As the debate over art versus algorithm rages on, it’s hard to say whether Netflix is deliberately positioning itself as a home for nostalgic content or is simply giving viewers more of what they’ve proved they want. Another question is whether shows like Sex Education and I Am Not Okay are actually aimed at teenagers at all. (In 2019, Stranger Things 3 was also the most popular Netflix series among viewers aged 25 to 37.) Netflix rarely releases data about which of its target demographics are watching what, but the service gained popularity in part as a place for viewers to comfort-watch classic series: Friends, The Office, Frasier. For Gen Z viewers, who missed them the first time around, the thrill has come from discovery.
More recently, as the streaming wars have caused these shows’ original networks to claim them back, Netflix has compensated by giving more of its own series a nostalgic bent. In its earliest days, the company built its reputation on dramatic series that were informed by current issues and topical themes, such as Orange Is the New Black, Master of None, and One Day at a Time. As those shows have concluded, though, the defining trend among Netflix scripted originals is escapism: highly stylized worlds that have the luxury of ignoring cultural flashpoints. (Gentefied, which debuted in February, is a notable exception.)

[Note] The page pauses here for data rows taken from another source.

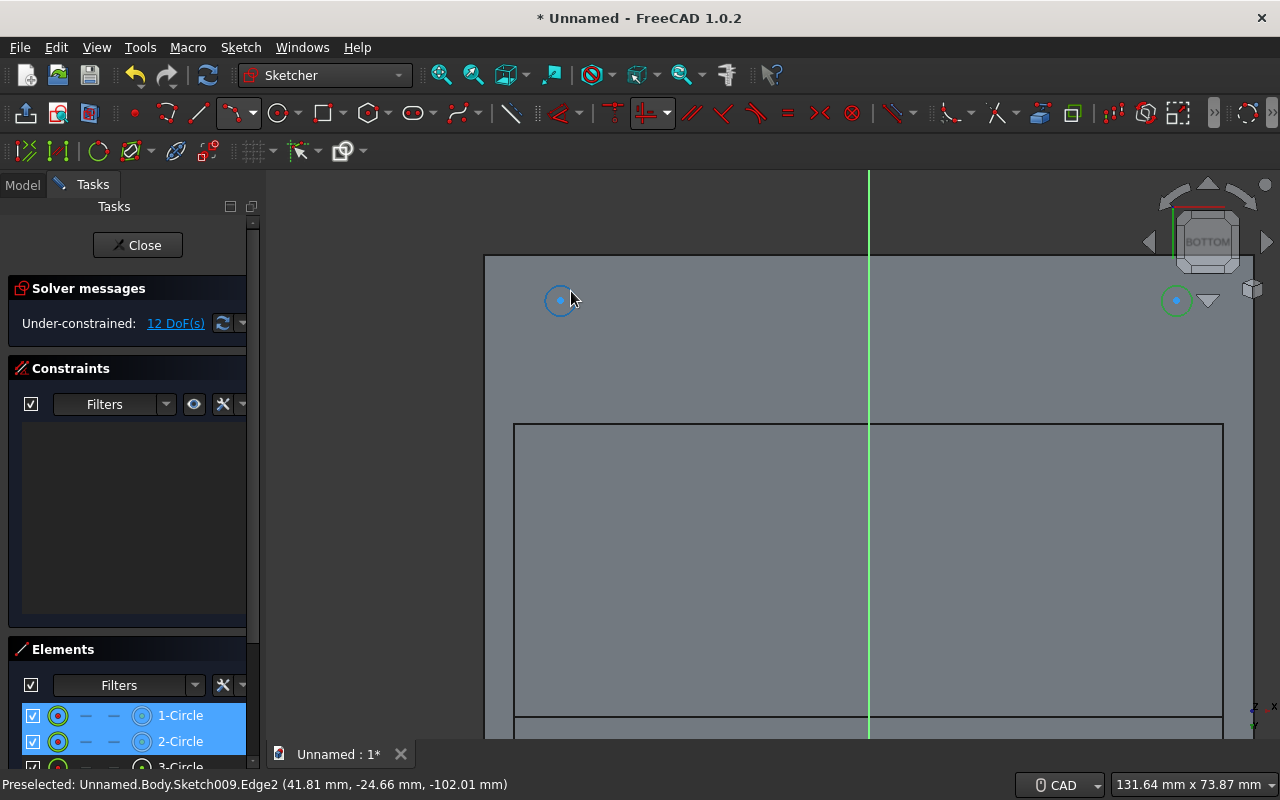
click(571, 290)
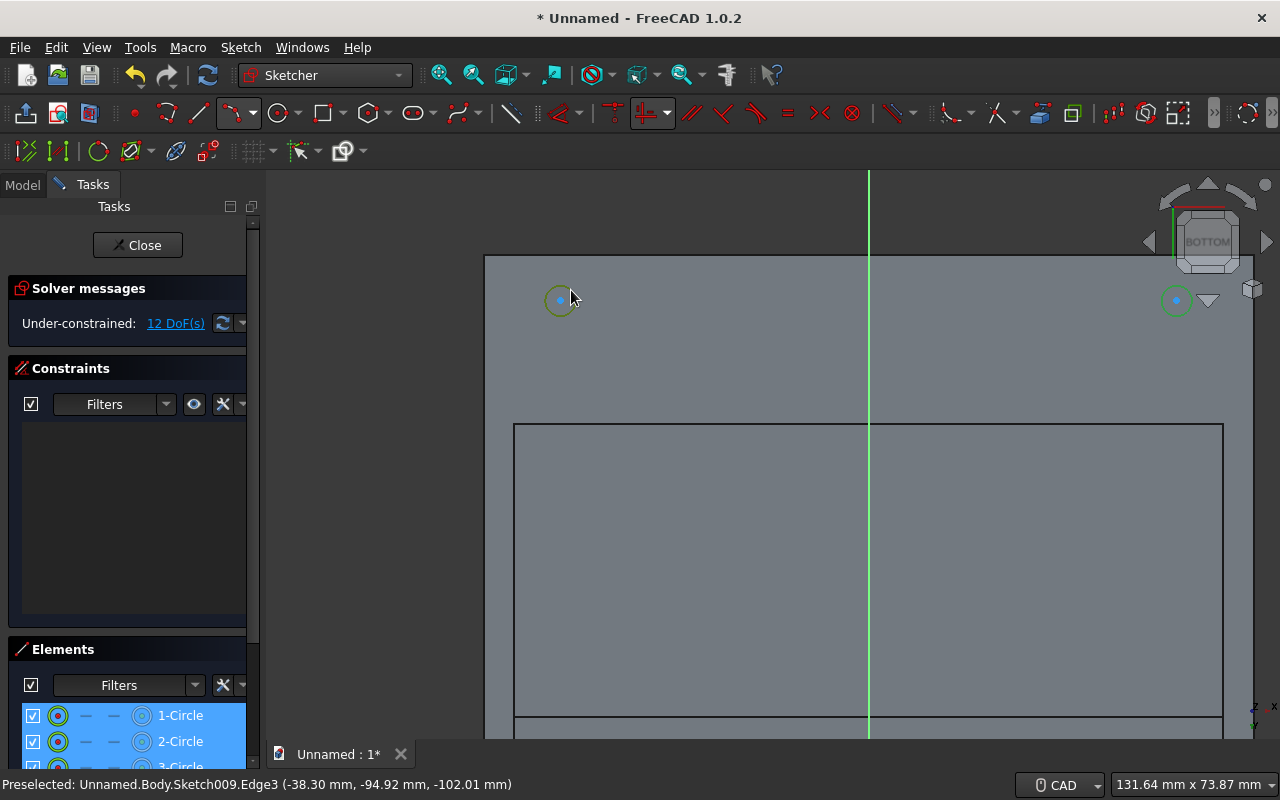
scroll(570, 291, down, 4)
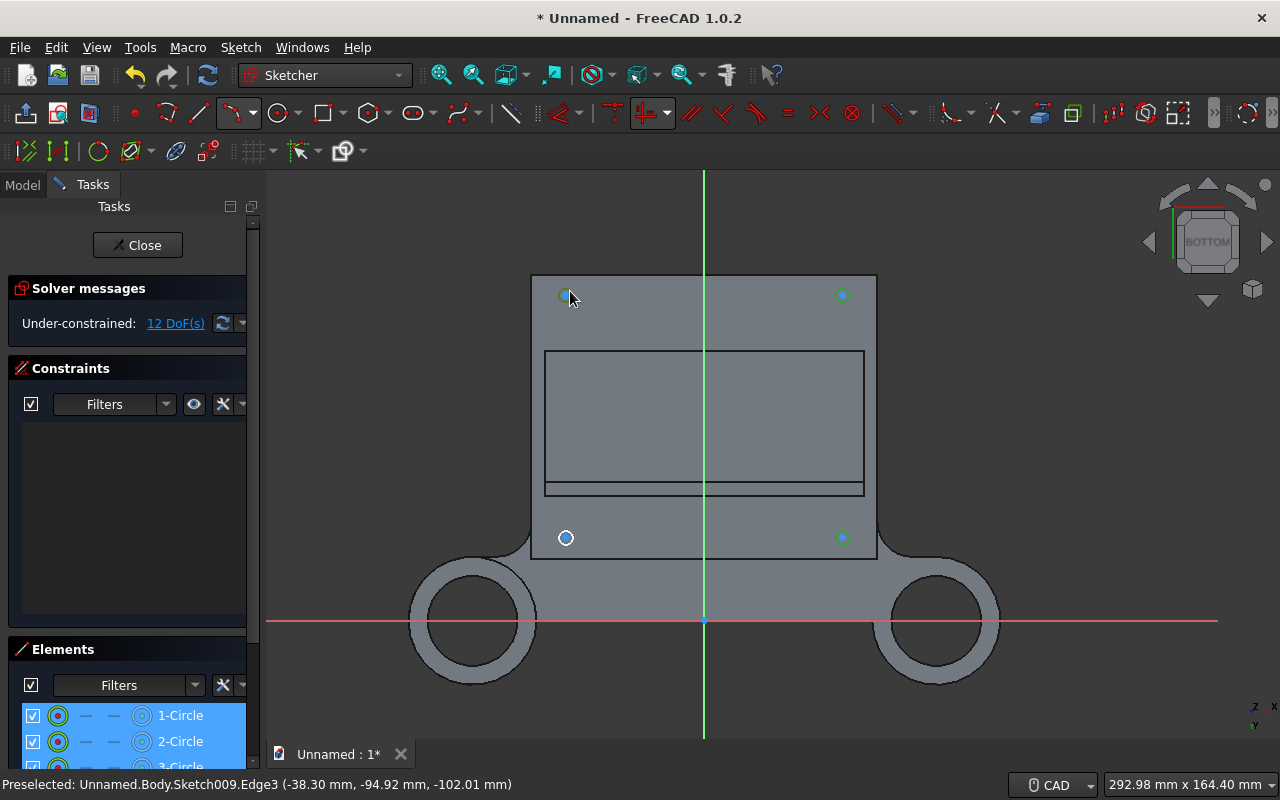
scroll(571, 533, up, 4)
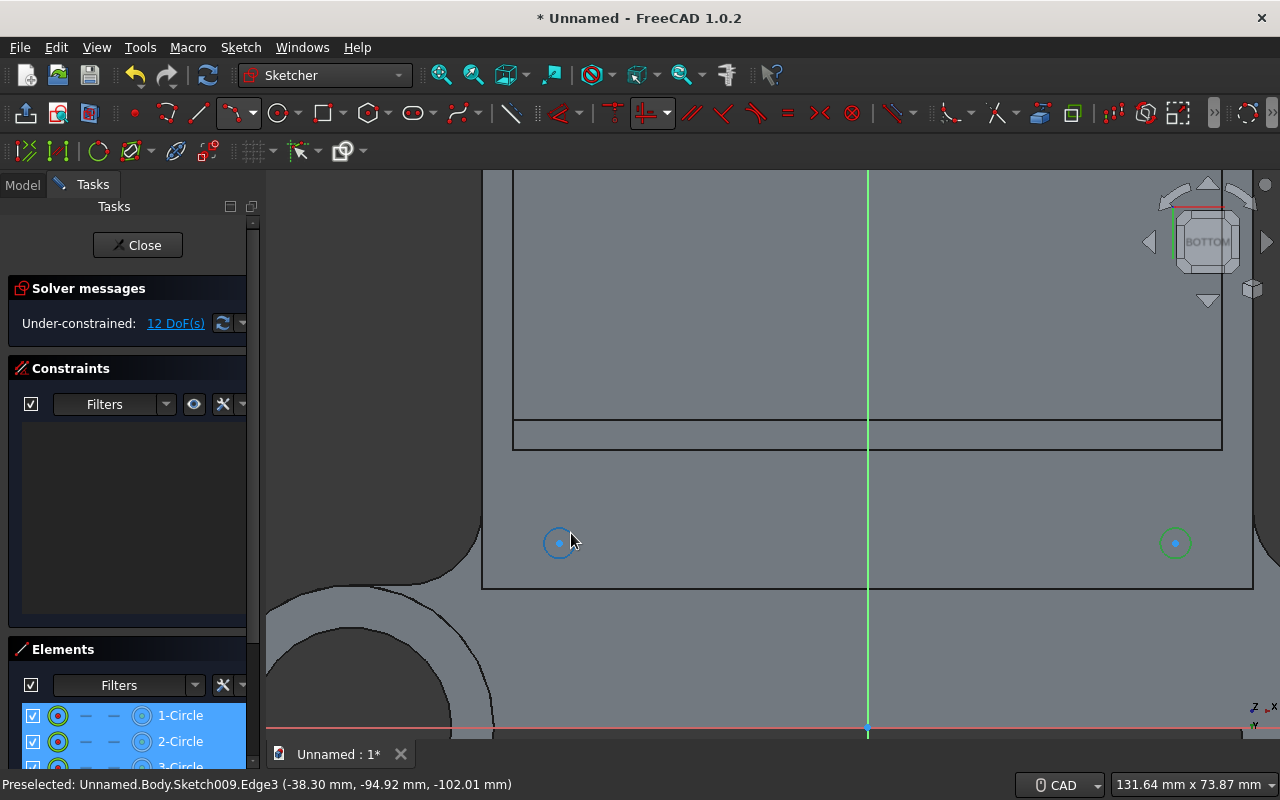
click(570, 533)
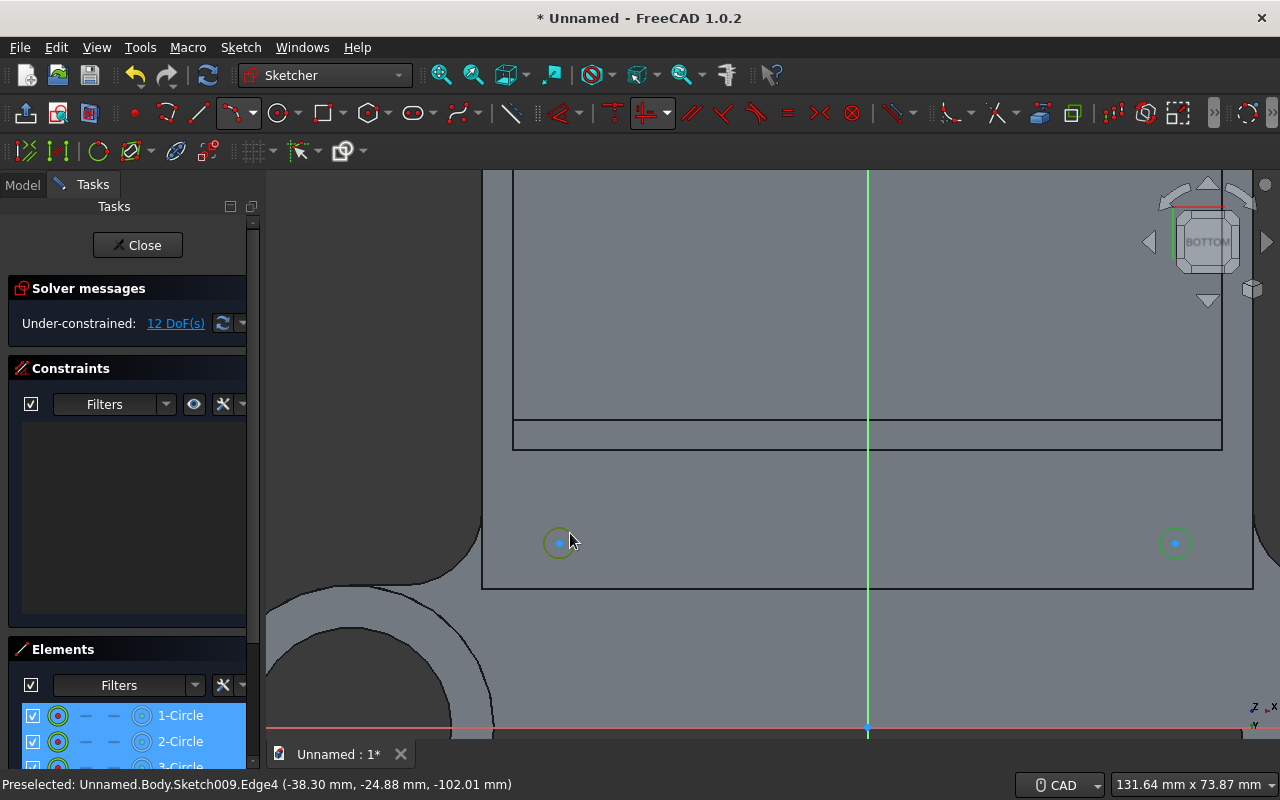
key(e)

That’s not to say that nostalgia is specifically new. TV viewers during the ’80s watched The Wonder Years and Happy Days with the same wistfulness with which Millennials and Gen Xers watch Stranger Things now. But rarely has a whole entertainment platform targeting prime demographics—as opposed to, say, Cozi TV or Nick at Nite—seemed to define itself as a place where the realities of the present can be so efficiently soothed. The fealty of TV creators to the ’80s in particular is noteworthy. Cultural products during that decade were defined by futurism; they looked forward exuberantly to a 21st century with flying cars, space wars, paranormal revelations, and groundbreaking scientific discoveries. Now the reality of late capitalism makes it harder and harder to imagine a future for humanity at all, let alone one with the potential for progress. When looking forward isn’t an option, looking back can be a comfort. When television panders to nostalgia—which comes from the Greek words nostos, meaning “to go home,” and algos, meaning “pain”—it isn’t just evoking bygone cultural products. It’s evoking a time when hope came more easily.
We’re living in a moment of abundant options. And yet we’re compelled, apparently, to seek out entertainment that quiets the present moment rather than interrogating it. Art, Aaron Bady wrote in an essay on Stranger Things for the Los Angeles Review of Books, “is that which moves the conversation forward, which tells us something new, which has something new to say.” At least on Netflix, TV is leaning away from the modernist imperative to make it new and toward the postmodernist fog of reassuring familiarity, which keeps both the past and the present tantalizingly out of reach.